|Seat Information||The Dec. 1832 act creating Gilmer County authorized election of county officials in March 1833 and provided that the first justices of inferior court select a location to serve as county seat. Subsequently, the inferior court chose Ellijay as county seat. On Dec. 20, 1834, the state legislature designated Ellijay as permanent county seat of Gilmer County. That legislation also named town commissioners for Ellijay and gave them the "power and authority to make all such by-laws for the government and good order of the said town of Ellijay as may be necessary . . . ." In effect, the Dec. 20, 1834 act incorporated Ellijay as an official town, although not using the terms "incorporate" or "incorporation." On Dec. 19, 1840, the legislature passed new legislation for Ellijay, this time specifically incorporating the town. Ellijay originally was a Cherokee town named Ellija, a name believed to have been a Cherokee reference to a green place -- perhaps because the town was settled on a river. The town was located on the Ellijay Road, which branched off the Cherokee Federal Road just west of Talking Rock and traveled northeastward into North Carolina. By 1833, whites had settled the site of Ellija, calling it Ellijay.|
|Courthouse Details||The Dec. 1832 act creating Gilmer County provided that "the place where Ned Tucker recently lived" would serve as the county's initial courthouse and place for holding elections. The law also authorized an election of county officials in March 1833 and provided that the first justices of inferior court select the county seat of Gilmer County and provide for erection of a courthouse and other county buildings. That year, the inferior court chose Ellijay as county seat and had a wooden courthouse built here. In 1854, a new courthouse was built, which would serve the county for the next 80 years. In 1898, the Hyatt Hotel was constructed facing the downtown square in Ellijay. The two-story brick building was converted for use as the Gilmer County courthouse in 1934. Later, a private brick home across the street from the courthouse was purchased and converted into a courthouse annex and home for the Gilmer County Commission. In March 2003, the county fire marshall condemned the Gilmer County courthouse because of extensive code violatiions. The building was closed on March 27, forcing the county to find alternative facilities for courts and county officials who had been housed in the courthouse.|
|County Area||431.9 Square Miles|
Gilmer County was created from Cherokee County on Dec. 3, 1832 by an act of the General Assembly (Ga. Laws 1832, p. 56). According to that act:
. . . the fifth, sixth, seventh, eighth, ninth, tenth, eleventh, twelfth and such parts of the twenty-fourth and twenty-fifth districts as lie east of a line commencing at the centre of the south line of the twenty-fourth, and running due north to the north line of the twenty-fifth, and so much of the twenty-sixth and twenty-seventh districts of said second section, as lies east of a range of mountains running north and south through said district, shall form and become one county, to be called Gilmer.

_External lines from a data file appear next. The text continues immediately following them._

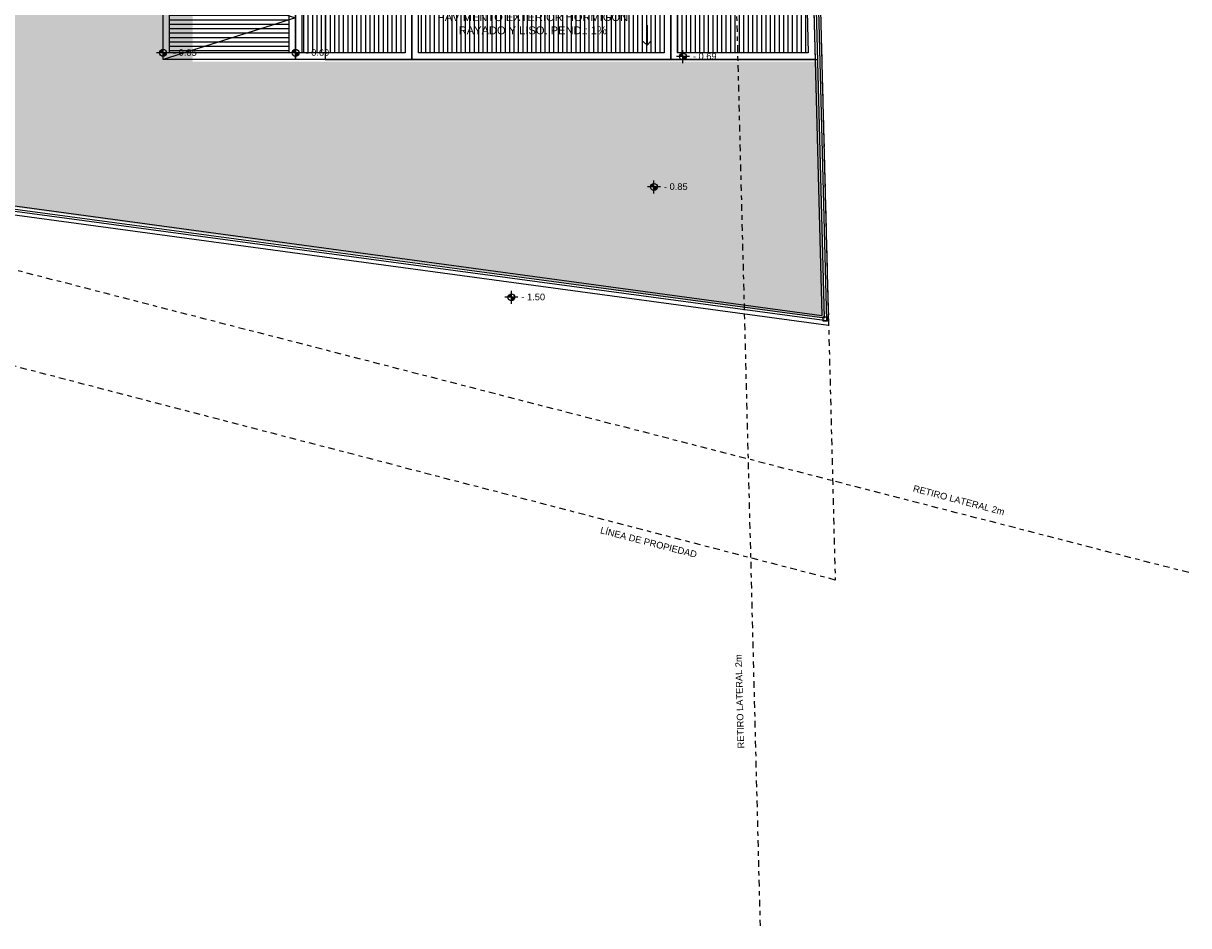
# Model space of a CAD drawing. Header units: metres. Extents: x -4243 to 4656, y 1445 to 4258.
# Tile 18 of 42: x 4482 to 4508, y 1545 to 1565. Entities that reach past the tile are written whole.
import ezdxf

# ---------------------------------------------------------------- set-up
doc = ezdxf.new("R2010")
doc.units = ezdxf.units.M
doc.header["$LTSCALE"] = 0.3
doc.linetypes.add('DASHDOT', pattern=[1, 0.5, -0.25, 0, -0.25])
for name, color, linetype in [('- 2 rotulo margenes', 7, 'Continuous'), ('A HERRERÍA', 4, 'Continuous'), ('A HORMIGON', 6, 'Continuous'), ('A PAVIMENTO', 253, 'Continuous'), ('A PROYECCION', 8, 'Continuous'), ('LÍMITE PADRÓN_RETIROS', 241, 'Continuous'), ('TXT', 3, 'Continuous'), ('TXT 1.100', 3, 'Continuous'), ('TXT COTA', 3, 'Continuous')]:
    doc.layers.add(name, color=color, linetype=linetype)
doc.layers.add('A_PAVIMENTO EXT_', color=254, linetype='Continuous', lineweight=9)
doc.styles.add('arial', font='arial.ttf')
doc.styles.get("Standard").update_dxf_attribs({"font": 'arial.ttf'})
doc.styles.add('TXT-ANOT', font='arial.ttf')

# ---------------------------------------------------------------- blocks, each defined once
blk = doc.blocks.new('NIVEL')
h = blk.add_hatch(color=256)
h.paths.add_polyline_path([(0, 0.078, 0.414214), (-0.078, 0), (0, 0)])
h.paths.add_polyline_path([(0.078, 0), (0, 0), (0, -0.078, 0.414214)])
for p, q in [((0.148, 0), (-0.148, 0)), ((0, -0.148), (0, 0.148))]:
    blk.add_line(p, q)
blk.add_circle((0, 0), 0.0782)
at = {"style": 'arial'}
blk.add_attdef('NIVEL', (0.225, -0.068), '', height=0.15, dxfattribs=at)
blk = doc.blocks.new('FLECHA')
at = {"layer": 'TXT', "ltscale": 0.3}
for points in [[(2941.578, 1071.659), (2941.578, 1071.202)], [(2941.486, 1071.286), (2941.578, 1071.202), (2941.661, 1071.293)]]:
    blk.add_lwpolyline(points, dxfattribs=at)
blk = doc.blocks.new('Pav 3')
at = {"layer": 'A PAVIMENTO'}
h = blk.add_hatch(dxfattribs=at)
h.set_pattern_fill('_USER', color=256, scale=0.1, pattern_type=0)
h.set_pattern_definition([(360, (-4496.86439, -1566.4408), (6e-17, 0.1), [])])
h.paths.add_polyline_path([(-8.64, -0.15), (-11.34, -0.15), (-11.34, -1.731), (-8.64, -1.731)])
h = blk.add_hatch(dxfattribs=at)
h.set_pattern_fill('_USER', color=256, scale=0.1, angle=90, pattern_type=0)
h.set_pattern_definition([(90, (-6.00936, -1.73055), (-0.1, 6e-17), [])])
h.paths.add_polyline_path([(-8.34, -0.15), (-6.009, -0.15), (-6.009, -1.731), (-8.34, -1.731)])
h = blk.add_hatch(dxfattribs=at)
h.set_pattern_fill('_USER', color=256, scale=0.1, angle=90, pattern_type=0)
h.set_pattern_definition([(90, (-0.15, -1.73055), (-0.1, 6e-17), [])])
h.paths.add_polyline_path([(-5.709, -0.15), (-0.15, -0.15), (-0.15, -1.731), (-5.709, -1.731)])
h = blk.add_hatch(dxfattribs=at)
h.set_pattern_fill('_USER', color=256, scale=0.1, angle=90, pattern_type=0)
h.set_pattern_definition([(90, (0.14999, 16.36977), (-0.1, 6e-17), [])])
h.paths.add_polyline_path([(0.15, -0.15), (3.071, -0.15), (3.111, -1.731), (0.15, -1.731)])
at = {"layer": 'A HERRERÍA', "color": 252}
blk.add_lwpolyline([(0.15, -0.15), (3.071, -0.15), (3.111, -1.731), (0.15, -1.731)], close=True, dxfattribs=at)
at = {"layer": 'A PAVIMENTO'}
for points in [[(-8.49, 0), (-5.859, 0), (-5.859, -1.881), (-8.49, -1.881)], [(-5.859, 0), (0, 0), (0, -1.881), (-5.859, -1.881)], [(0, 0), (3.217, 0), (3.265, -1.881), (0, -1.881)], [(-8.34, -0.15), (-6.009, -0.15), (-6.009, -1.731), (-8.34, -1.731)], [(-5.709, -0.15), (-0.15, -0.15), (-0.15, -1.731), (-5.709, -1.731)], [(0.15, -0.15), (3.071, -0.15), (3.111, -1.731), (0.15, -1.731)]]:
    blk.add_lwpolyline(points, close=True, dxfattribs=at)
at = {"layer": 'A PROYECCION'}
for points in [[(-8.49, -1.881), (-11.49, -1.881), (-11.49, 0), (-8.49, 0)], [(-8.64, -1.731), (-11.34, -1.731), (-11.34, -0.15), (-8.64, -0.15)]]:
    blk.add_lwpolyline(points, close=True, dxfattribs=at)
blk.add_lwpolyline([(-11.49, 0), (-8.49, -0.94), (-11.49, -1.881)], dxfattribs=at)
at = {"layer": 'TXT 1.100'}
for p, values in [((0.275, 0), {'NIVEL': '- 0.66'}), ((-11.488, -1.731), {'NIVEL': '- 0.85'}), ((-8.49, -1.731), {'NIVEL': '- 0.69'}), ((0.275, -1.817), {'NIVEL': '- 0.69'})]:
    blk.add_blockref('NIVEL', p, dxfattribs=at).add_auto_attribs(values)
at = {"layer": 'TXT COTA'}
blk.add_blockref('FLECHA', (-2942.11, -1072.762), dxfattribs=at)
at = {"layer": 'TXT', "ltscale": 0.3, "insert": (-3.124, -1.074), "char_height": 0.18, "width": 4.60697, "attachment_point": 5, "rotation": 0.0116, "style": 'TXT-ANOT'}
blk.add_mtext('PAVIMENTO EXTERIOR HORMIGÓN RAYADO Y LISO. PEND.: 1%', dxfattribs=at)
blk = doc.blocks.new('Terreno aeroparque')
at = {"layer": 'LÍMITE PADRÓN_RETIROS', "linetype": 'DASHDOT'}
for p, q in [((-2.107, 8), (-0.666, -47.917)), ((9.032, -39.925), (-57.367, -22.8))]:
    blk.add_line(p, q, dxfattribs=at)
blk.add_lwpolyline([(-49.894, -3.51), (-46.341, 0), (0, 0), (1.034, -40.092), (-49.249, -26.985), (-49.894, -3.51)], dxfattribs=at)
at = {"layer": '- 2 rotulo margenes', "char_height": 0.15, "attachment_point": 1}
for s, width, insert, rotation in [('RETIRO LATERAL 2m', 3.62537, (2.821, -37.94), 345.2085), ('LÍNEA DE PROPIEDAD ', 4.46161, (-4.257, -38.887), 345.6156), ('RETIRO LATERAL 2m', 3.62537, (-1.174, -43.907), 91.5781)]:
    blk.add_mtext_dynamic_manual_height_columns(s, width=width, gutter_width=12.5, heights=[0], dxfattribs=dict(at, insert=insert, rotation=rotation))

msp = doc.modelspace()

# ---------------------------------------------------------------- hatches: boundary and pattern name
at = {"layer": 'A_PAVIMENTO EXT_'}
h = msp.add_hatch(dxfattribs=at)
h.set_pattern_fill('AR-CONC', color=252, scale=0.004)
h.set_pattern_definition([(50, (-4e-07, -0.05155), (0.728738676, -0.06375634), [0.0762, -0.8382]), (355, (-4e-07, -0.05155), (-0.14097369, 0.76422738), [0.06096, -0.67056234]), (100.451445, (0.0607, -0.0569), (0.58776499, 0.70047101), [0.06476004, -0.71236098]), (46.1842, (-4e-07, 0.15165), (1.08431616, -0.16816931), [0.1143, -1.2573]), (96.635558, (0.0904, 0.1376), (0.94961654, 0.9897045), [0.0971401, -1.06854243]), (351.18415, (-4e-07, 0.1516), (0.94961654, 0.9897045), [0.09143987, -1.00583893]), (21, (0.1016, 0.10085), (0.606457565, -0.40906079), [0.0762, -0.8382]), (326, (0.1016, 0.10085), (0.24720811, 0.73675186), [0.06096, -0.67056]), (71.451445, (0.15214, 0.06676), (0.85366568, 0.32769108), [0.06476004, -0.71235975]), (37.5, (-4e-07, -0.05155), (0.012354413, 0.338220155), [0, -0.662432, 0, -0.68072, 0, -0.6731]), (7.5, (-4e-07, -0.05155), (0.26727865, 0.4007223), [0, -0.388112, 0, -0.647192, 0, -0.25654]), (327.5, (-0.22657, -0.05155), (0.54236238, -0.022914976), [0, -0.254, 0, -0.79248, 0, -1.05156]), (317.5, (-0.32817, -0.05155), (0.592516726, 0.101705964), [0, -0.3302, 0, -0.526288, 0, -0.74676])])
h.paths.add_polyline_path([(4496.09429, 1592.61769), (4462.48328, 1592.61769), (4462.48329, 1589.66294), (4462.13353, 1589.66294), (4462.13353, 1587.88037), (4466.83362, 1587.88037), (4466.83362, 1590.37486), (4466.62857, 1590.37486), (4466.62857, 1590.77486), (4473.09367, 1590.77486), (4473.09367, 1590.37061), (4472.87353, 1590.37486), (4472.87353, 1587.88037), (4495.14429, 1587.88037), (4495.14429, 1588.93037), (4496.09429, 1588.93037)])
h.paths.add_polyline_path([(4499.509, 1564.50869), (4485.37438, 1564.50869), (4485.37438, 1566.38925), (4462.0832, 1566.4408), (4462.0832, 1563.85423), (4499.65796, 1558.70844)])
h.paths.add_polyline_path([(4459.13117, 1591.51449), (4456.0512, 1591.51449), (4456.0512, 1593.93894), (4459.13117, 1593.93894)])
h.paths.add_polyline_path([(4456.20119, 1568.78922), (4458.9812, 1568.78922), (4458.9812, 1572.14516), (4458.68118, 1572.14516), (4458.6812, 1575.70266), (4458.98119, 1575.70266), (4458.98119, 1579.26016), (4458.68118, 1579.26016), (4458.6812, 1582.86922), (4458.98119, 1582.86922), (4458.9812, 1587.67882), (4456.20119, 1587.67882)])
h.paths.add_polyline_path([(4456.23049, 1568.48766), (4458.98119, 1568.48766), (4458.98119, 1567.88932), (4456.23049, 1567.88932)])

# ---------------------------------------------------------------- linework, layer by layer
at = {"layer": 'A HERRERÍA'}
for p, q in [((4498.73468, 1592.66924), (4499.60898, 1558.76663)), ((4499.66931, 1558.70977), (4498.79263, 1592.71114)), ((4499.72081, 1558.65239), (4498.84265, 1592.71114)), ((4498.87958, 1592.86892), (4499.76478, 1558.54368)), ((4454.28034, 1564.71028), (4499.76478, 1558.54368)), ((4454.34817, 1564.75446), (4499.72081, 1558.65239)), ((4454.39817, 1564.79819), (4499.66931, 1558.70977)), ((4454.48049, 1564.88498), (4499.60898, 1558.76663))]:
    msp.add_line(p, q, dxfattribs=at)
at = {"layer": 'A HERRERÍA', "color": 252}
msp.add_lwpolyline([(4488.37438, 1566.4408), (4488.37438, 1564.56025), (4499.509, 1564.56025)], dxfattribs=at)
at = {"layer": 'A HORMIGON'}
msp.add_lwpolyline([(4499.63826, 1558.63583), (4499.63826, 1558.73583), (4499.73826, 1558.73583), (4499.73826, 1558.63583)], close=True, dxfattribs=at)

# ---------------------------------------------------------------- block references
msp.add_blockref('Terreno aeroparque', (4498.87958, 1592.86924))
at = {"layer": 'A PAVIMENTO', "color": 67, "true_color": 0x727430}
msp.add_blockref('Pav 3', (4496.19431, 1566.44079), dxfattribs=at)
at = {"layer": 'TXT 1.100'}
for p, values in [((4495.81368, 1561.67414), {'NIVEL': '- 0.85'}), ((4492.58849, 1559.17718, -1.5), {'NIVEL': '- 1.50'})]:
    msp.add_blockref('NIVEL', p, dxfattribs=at).add_auto_attribs(values)

doc.saveas('drawing.dxf')

In way of background, by 1830, the Cherokee Nation consisted of most of northwest Georgia , plus adjoining areas in Alabama, Tennessee, and North Carolina. Even while Cherokee Indians remained on their homeland in Georgia, the General Assembly on Dec. 21, 1830 enacted legislation claiming “all the Territory within the limits of Georgia, and now in the occupancy of the Cherokee tribe of Indians; and all other unlocated lands within the limits of this State, claimed as Creek land” (Ga. Laws 1830, p. 127). The act also provided for surveying the Cherokee lands in Georgia; dividing them into sections, districts, and land lots; and authorizing a lottery to distribute the land. On Dec. 26, 1831, the legislature designated all land in Georgia that lay west of the Chattahoochee River and north of Carroll county as “Cherokee County” and provided for its organization (Ga. Laws 1831, p. 74). However, the new county was not able to function as a county because of its size and the fact that Cherokee Indians still occupied portions of the land. On Dec. 3, 1832, the legislature added areas of Habersham and Hall counties to Cherokee County, and then divided the entire area into nine new counties—Cass (later renamed Bartow), Cobb, Floyd, Forsyth, Gilmer, Lumpkin, Murray, Paulding, and Union—plus a reconstituted and much smaller Cherokee County. Cherokee lands were distributed to whites in a land lottery, but the legislature temporarily prohibited whites from taking possession of lots on which Cherokees still lived. By 1833, however, whites began occupying areas of Gilmer County.
Georgia’s 85th county was named for George R. Gilmer, who served two terms as Georgia governor (1829-1831, 1837-1839), as state legislator, and as U.S. congressman. Gilmer—a strong proponent of state sovereignty over Cherokee lands in Georgia—was governor at the time of the Cherokee’s forced removal to the west.
As originally constituted, Gilmer County extended to the Tennessee border. Later created in part or whole from its original boundaries were Pickens, Fannin, and Dawson counties.